The taxonomy matters because each class has a different fix.

The trigger is what started the incident.

Examples:

  • new prompt version,
  • changed tool schema,
  • model lane switch,
  • updated retrieval corpus,
  • larger customer workload,
  • or unusual user input.

The failed control is what should have contained it.

Examples:

  • eval gap,
  • missing canary,
  • weak approval policy,
  • absent alert,
  • incomplete logging,
  • no fallback lane,
  • or unclear incident owner.

Good reviews separate these two. Otherwise the team fixes the trigger and misses the control gap.

For every serious incident, decide whether to add:

  • the exact run to a regression set,
  • a simplified synthetic version to a release gate,
  • a tool-selection test,
  • an approval-boundary test,
  • a retrieval evidence case,
  • or a reviewer-training example.

The point is not to overfit to one incident. The point is to protect the class of failure.

Ask:

  • Was the incident detected by a user, operator, dashboard, alert, or review queue?
  • Should it have been urgent?
  • Which metric or event changed first?
  • Did the alert include enough examples to act?
  • Was the owner obvious?

If the answer is no, update alert design or review sampling.

Incidents often reveal weak rollout discipline.

Possible release changes:

  • new canary threshold,
  • stricter approval for one action class,
  • mandatory eval pass before release,
  • release notes for model-route changes,
  • stronger rollback metadata,
  • or a freeze rule after repeated failures.
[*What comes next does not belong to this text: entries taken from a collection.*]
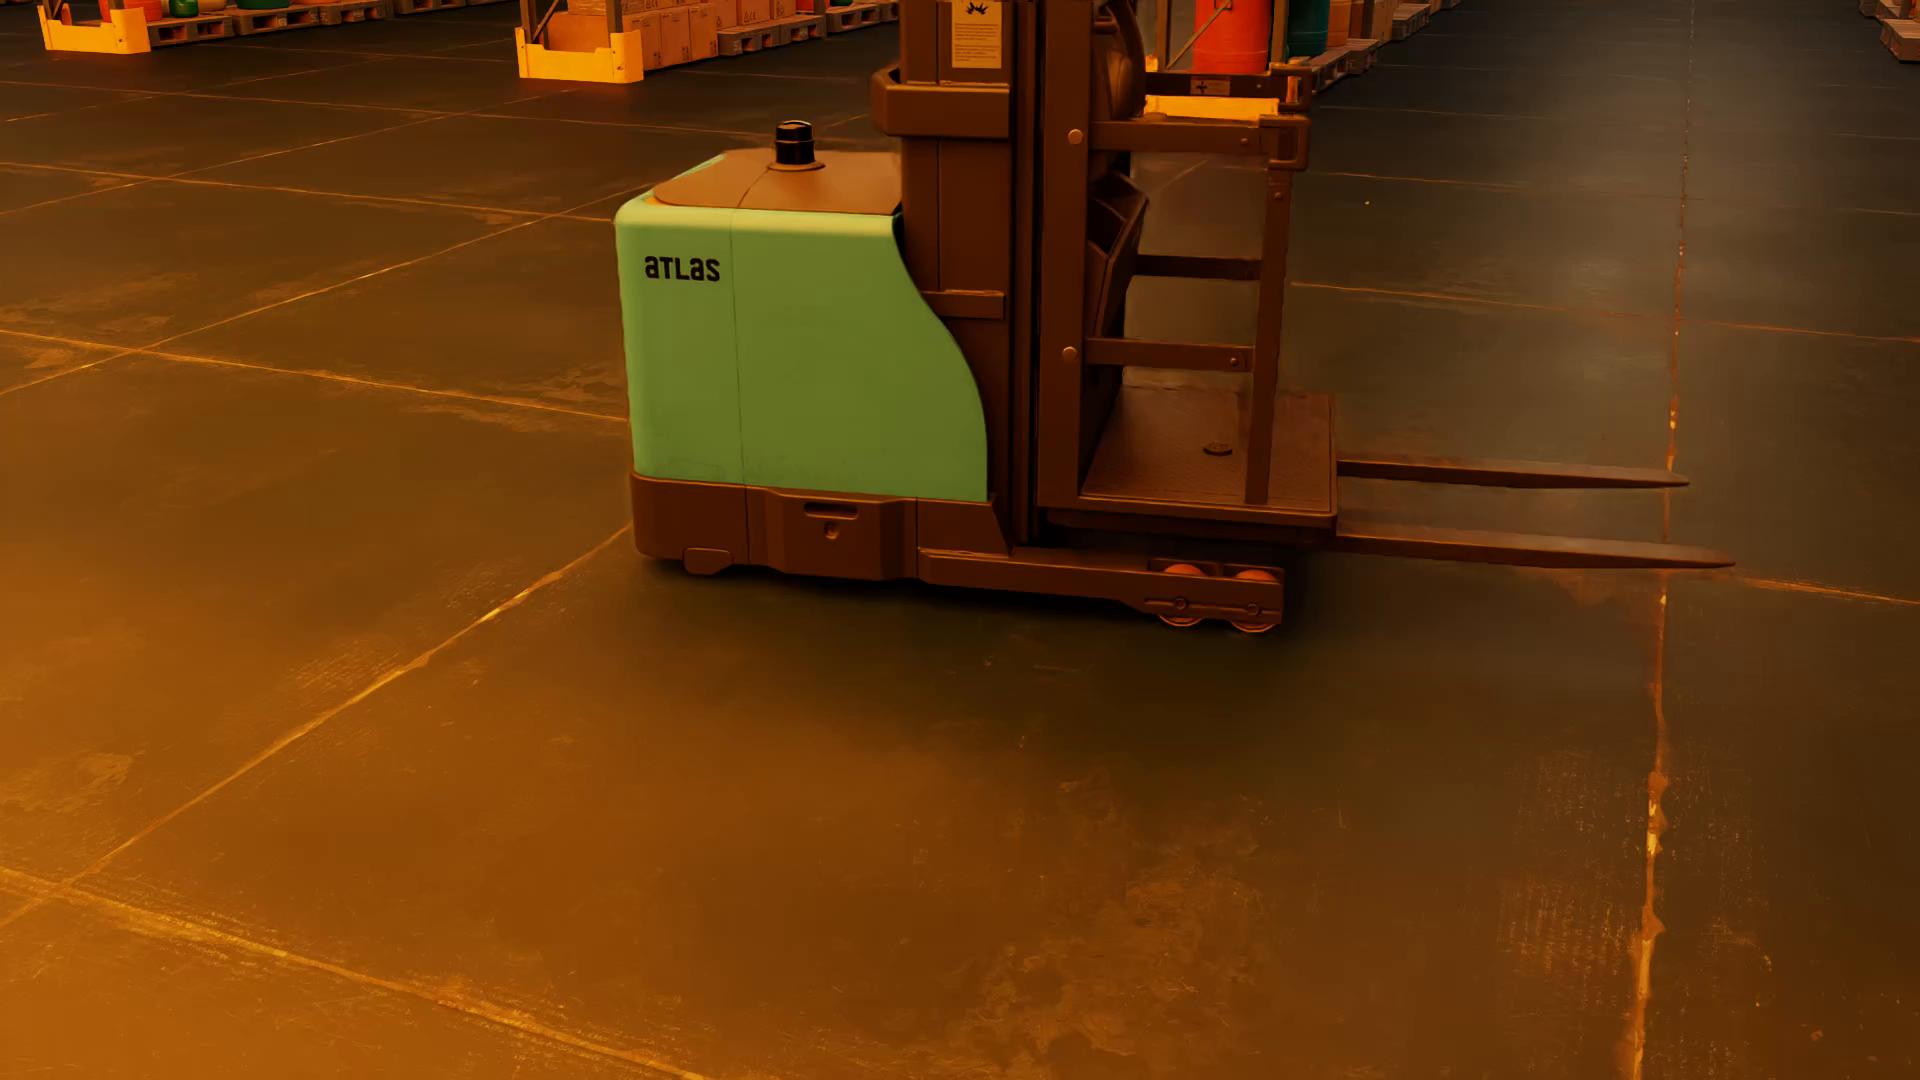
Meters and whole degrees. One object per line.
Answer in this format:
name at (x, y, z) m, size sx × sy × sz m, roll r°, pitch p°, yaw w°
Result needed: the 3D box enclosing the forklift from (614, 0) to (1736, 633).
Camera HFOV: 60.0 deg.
forklift at (0.618, -1.325, 4.462) m, size 3.031 × 2.935 × 1.130 m, roll 4°, pitch 23°, yaw 10°

The review should specify which release gate changes and who owns it.

Keep the meeting tight:

  1. Facts and timeline.
  2. Impact and severity.
  3. Failure taxonomy.
  4. Missed controls.
  5. Evidence gaps.
  6. Eval, alert, release, and ownership changes.

Avoid long speculation about model personality. Focus on observable system behavior.

Your review process is probably healthy when:

  • every serious incident gets a failure class;
  • trigger and failed control are separated;
  • missing evidence becomes a logging or tracing task;
  • representative examples enter eval or reviewer workflows;
  • alert thresholds or review sampling improve;
  • and release gates change when rollout discipline failed.

This page should help a reader decide whether the eval, trace, scorecard, or monitoring signal is strong enough to support a release decision. For How to review AI agent production incidents, the page is not finished if it only explains vocabulary. It should change what the team approves, measures, routes, buys, logs, or refuses to automate.

Before applying the guidance, bring production traces, labeled failure examples, reviewer notes, and the exact workflow step being evaluated. Those inputs keep the decision anchored in real operating conditions instead of a generic best-practice list.

CheckWhat the reader should be able to answer
Signal qualityCan the team explain what behavior the signal proves, and what it does not prove?
Release useDoes the page help decide whether to ship, hold, roll back, or collect more evidence?
Failure learningDoes each miss become a reusable eval case instead of a one-off complaint?
OwnerIs there a named person or team responsible for maintaining the scorecard or review loop?

Use the page as a working review artifact: compare the current workflow against the table, mark the missing evidence, and assign an owner for the next change. If the page exposes a gap but no one owns that gap, the correct next step is not broader rollout; it is a smaller pilot, a clearer gate, or a better measurement loop.

For EvalOps pages, the useful outcome is a sharper release conversation. A reader should leave knowing which evidence belongs in the gate, which evidence belongs in incident review, and which metric is too vague to trust.